Vielleicht liegt es daran, daß ich als Engel-Spielleiter die Welt der Engel schon hart, aber nicht hoffnungslos (und schon garnicht ohne Glauben!) darstelle. Da gibt es packende Luftkämpfe, bei denen die SCs mit ihren Kampfmanövern alle Matrix-Special-Effects verblassen lassen. Da gilt es zwischen den Übeln der Welt, der Kirche, der Menschen, der Traumsaat, und dem eigenen Gewissen abzuwägen und Entscheidungen von Belang(!) zu fällen. Und dann damit zu leben. Ich thematisiere bei Engel eigentlich immer die Konflikte, die in der Welt angelegt sind, in einer aktiven, zupackenden Form, so daß die SCs direkt den Kräften oder zumindest den Wirkungen ausgesetzt sind und mit ihren eigenen (Gewissens-)Entscheidungen und ihrer eigenen Kampfkraft etwas tun können. Alles andere, vor allem ständige Niederlagen, Zusammenbrüche, Depressionen, wären mir und meinen Engel-Mitspielern einfach zu öde. Die Engel-Charaktere sind ja schließlich in erster Linie SOLDATEN. Die plärren nicht, die stehen auf und kämpfen, denn dazu wurden sie ja schließlich gedrillt. Nur haben sie - immer - auch ein eigenes Gewissen, etwas, das ihnen sagt, was gut und richtig wäre, auch wenn das nicht der Lehre der Kirche entspricht. Und sie entscheiden dann. Und sie tragen die Konsequenzen dieser Entscheidungen. Und Gewalt ist immer eine Lösung. Und manchmal ist die schlechteste Lösung einfach die einzige, mit der man weiterleben kann. - Und das macht für mich den Reiz bei Engel aus.
Wie das jetzt aber in Konflikt mit dem völlig (naja, eigentlich nicht völlig, aber schon ziemlich) anders gelagerten Low Life stehen soll, verstehe ich nicht.
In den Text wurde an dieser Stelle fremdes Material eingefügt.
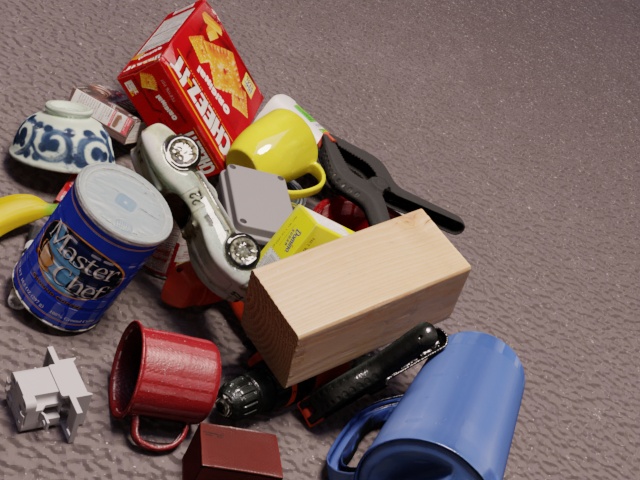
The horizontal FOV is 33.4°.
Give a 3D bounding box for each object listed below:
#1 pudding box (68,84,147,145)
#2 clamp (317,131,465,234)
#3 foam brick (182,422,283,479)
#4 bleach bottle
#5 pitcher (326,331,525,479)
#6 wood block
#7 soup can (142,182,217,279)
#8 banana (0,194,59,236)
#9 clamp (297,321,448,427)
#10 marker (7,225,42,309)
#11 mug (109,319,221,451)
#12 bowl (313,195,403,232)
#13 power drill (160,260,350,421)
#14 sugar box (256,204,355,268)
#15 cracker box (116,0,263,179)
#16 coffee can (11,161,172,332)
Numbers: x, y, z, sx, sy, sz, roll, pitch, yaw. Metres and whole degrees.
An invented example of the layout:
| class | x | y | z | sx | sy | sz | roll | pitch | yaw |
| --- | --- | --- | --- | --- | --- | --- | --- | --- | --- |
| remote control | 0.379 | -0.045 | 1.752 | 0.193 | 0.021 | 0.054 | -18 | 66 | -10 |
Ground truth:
| class | x | y | z | sx | sy | sz | roll | pitch | yaw |
| --- | --- | --- | --- | --- | --- | --- | --- | --- | --- |
| pudding box | -0.254 | -0.157 | 1.324 | 0.090 | 0.039 | 0.113 | 28 | 15 | 4 |
| clamp | 0.077 | -0.058 | 1.329 | 0.164 | 0.036 | 0.210 | -15 | 57 | -46 |
| foam brick | -0.081 | 0.206 | 0.971 | 0.078 | 0.051 | 0.053 | 13 | 35 | -18 |
| bleach bottle | 0.027 | -0.093 | 1.420 | 0.251 | 0.068 | 0.102 | 39 | 8 | 6 |
| pitcher | 0.121 | 0.190 | 1.070 | 0.149 | 0.145 | 0.242 | 42 | 31 | -1 |
| wood block | 0.034 | 0.056 | 1.069 | 0.205 | 0.090 | 0.091 | -20 | 55 | -28 |
| soup can | -0.159 | -0.016 | 1.170 | 0.068 | 0.102 | 0.068 | 17 | 35 | -13 |
| banana | -0.341 | -0.003 | 1.080 | 0.070 | 0.037 | 0.197 | 7 | 32 | 26 |
| clamp | 0.054 | 0.130 | 1.063 | 0.171 | 0.120 | 0.039 | -33 | 71 | -3 |
| marker | -0.301 | 0.025 | 1.098 | 0.020 | 0.020 | 0.121 | 16 | 35 | -14 |
| mug | -0.145 | 0.139 | 0.998 | 0.081 | 0.093 | 0.117 | 14 | 67 | -25 |
| bowl | 0.055 | 0.015 | 1.308 | 0.162 | 0.055 | 0.162 | 17 | 35 | -13 |
| power drill | -0.081 | 0.098 | 1.112 | 0.188 | 0.057 | 0.184 | 46 | 35 | 22 |
| sugar box | 0.014 | 0.033 | 1.152 | 0.176 | 0.093 | 0.048 | 25 | 19 | -44 |
| cracker box | -0.158 | -0.193 | 1.362 | 0.164 | 0.072 | 0.213 | 59 | 24 | -24 |
| coffee can | -0.224 | 0.008 | 1.044 | 0.102 | 0.140 | 0.103 | 29 | 32 | -21 |
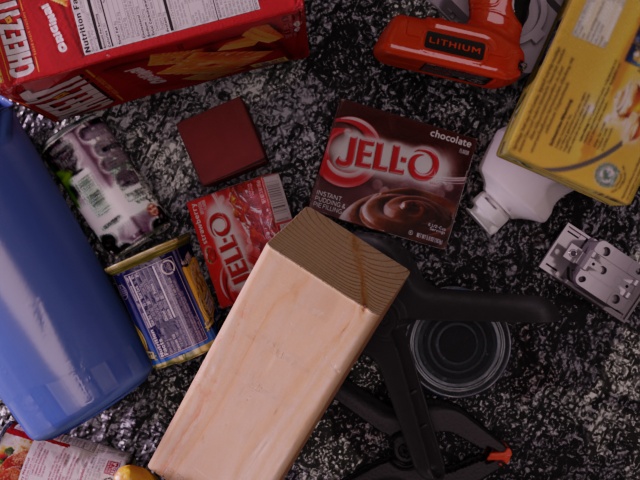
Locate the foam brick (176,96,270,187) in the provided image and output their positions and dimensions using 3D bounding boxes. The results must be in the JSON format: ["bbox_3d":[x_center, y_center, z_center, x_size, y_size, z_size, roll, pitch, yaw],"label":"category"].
[{"bbox_3d":[-0.073,-0.073,0.810,0.053,0.078,0.051,-22,93,0],"label":"foam brick"}]

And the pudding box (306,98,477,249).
[{"bbox_3d":[0.055,-0.051,0.830,0.113,0.039,0.090,16,90,-1],"label":"pudding box"}]

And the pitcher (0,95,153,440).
[{"bbox_3d":[-0.237,0.026,0.795,0.145,0.149,0.243,-32,94,-15],"label":"pitcher"}]

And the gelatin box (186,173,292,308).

Low Life ist wie wenn man Gammaworld-Mutanten durch die Güllepumpe gejagt hat, nachdem die gesamte Erde auch schon dadurch gegangen ist. Und trotzdem ist Low Life mit der Welt Muthaoith einfach nur noch cool. Und es ist sogar eine ernsthafte(!) Kampagne in der ganzen Scheiße auf Beinen, den ganzen Schaumgummi-Charakteren und den Magiern, gegen die Unknown Armies Mages geradezu langweilig bieder wirken.
Was ist schon Endzeit?
Gammaworld, Deadlands:Hell on Earth, Engel, Low Life, Dying Earth, 50 Fathoms, Traveller, Stormbringer, uvam.
Das sind alles Endzeit-Rollenspiele. Die kann man alle spielen ohne in irgendwelche inneren oder äußeren Konflikte seiner eigenen Vorlieben zu geraten.
Was ist also das "gefühlte" Problem?